The hwacha proves largely ineffective, mostly serving to scatter everybody into smaller poockets. Gabriel (Seth Gilliam) runs into the Reaper priest who talks a bunch of mumbo jumbo until Gabriel runs him through without batting an eye.

This more ruthless, no-nonsense Gabriel is so much better than snivelly old Gabriel. He’s become one of my favorite characters. During the six bridge episodes, only the Gabriel/Aaron (Ross Marquand) and Negan (Jeffrey Dean Morgan) episodes were any good, largely thanks to the strengths of these characters.


Elsewhere, Carver tracks down Maggie (Lauren Cohan), Negan and Maggie’s last remaining follower, Elijah (Okea Eme-Akwari) who happens to be badly injured. The three square off in a brawl they very nearly lose to the Reaper fighter—whose fighting skills are clearly on another level.

In the end, with both Elijah and Maggie down, Negan is able to trick the Reaper by throwing sand in his eyes and then ringing his bell…with an actual bell. With Carver and the priest down, the Reapers’ odds are looking worse and worse.

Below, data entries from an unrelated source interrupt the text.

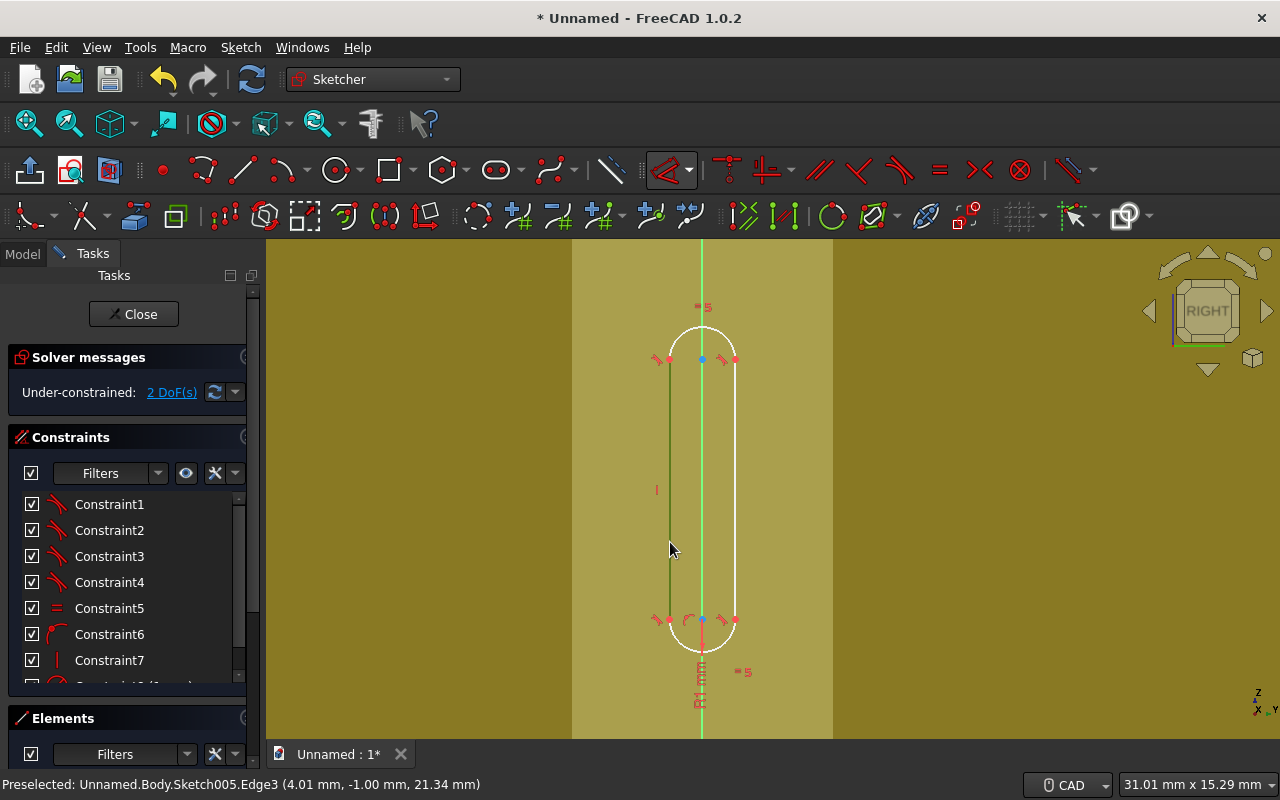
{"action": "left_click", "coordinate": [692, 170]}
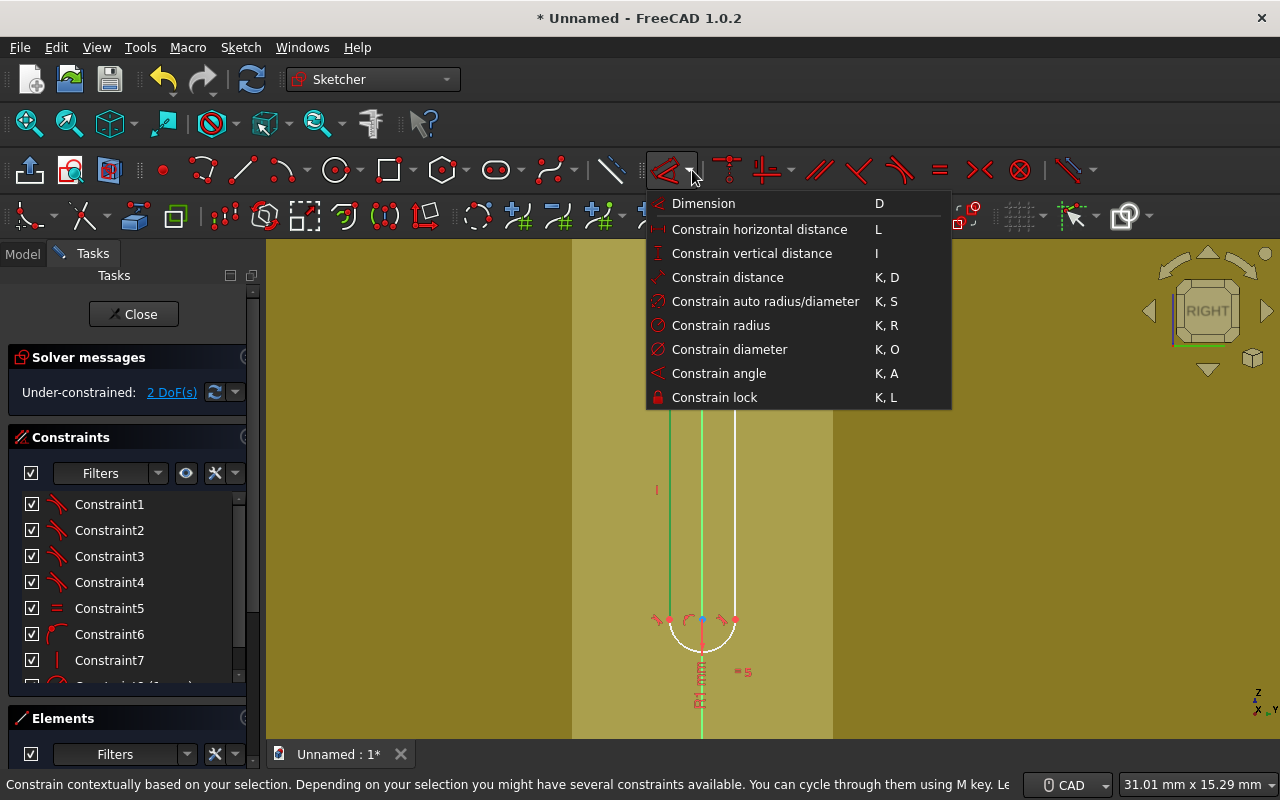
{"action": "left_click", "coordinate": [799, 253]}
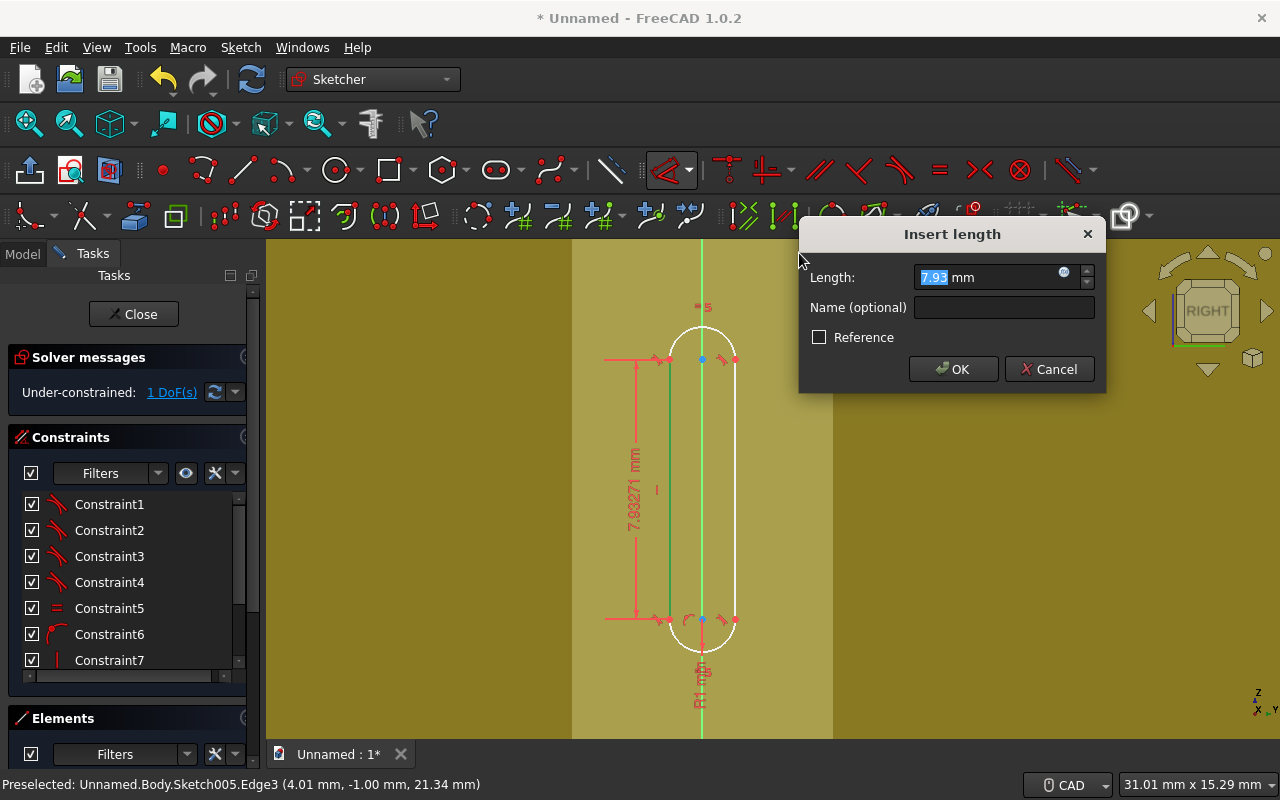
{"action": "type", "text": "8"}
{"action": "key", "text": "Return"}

Daryl and company bring their hostage back to the compound yard and Daryl tells Leah and her remaining two Reapers to come out and drop their weapons or he’ll kill Carver. The Reapers come out but don’t drop their weapons. Daryl tells them they can walk but Leah has an ace up her sleeve.

She walkie-talkies a fourth Reaper and suddenly a bullet hits the dirt next to them. A sniper is positioned up above, ready to pick them off one by one. “Do the woman first,” Leah says, clearly not at all the jilted lover. But the sniper shoots Carver in the leg instead.

What neither the audience nor Leah knew is that after Gabriel got through sticking the priest with the pointy end, he took care of the sniper. “Call me Gabriel,” he replies, like a badass. Negan smirks. Leah pales.

“Does the deal still stand?” she asks.

“No,” Maggie says. “You would have killed us all.”

But Daryl still has a soft spot for Leah. He tells her that if they drop their weapons, she and the other two can leave. Carver has to stay. With little choice in the matter, Leah complies and the three hurry off. Maggie kneels down in front of Carver and then looks over at Elijah, laying painfully on the ground where Carver once again almost killed him.

We see her resolve form before she makes a move. The music, at this point, is quite dramatic. Maggie stands up in slow motion. She steps over the downed Carver and starts walking toward the other Reapers. She reaches for the revolver tucked into the back of her pants.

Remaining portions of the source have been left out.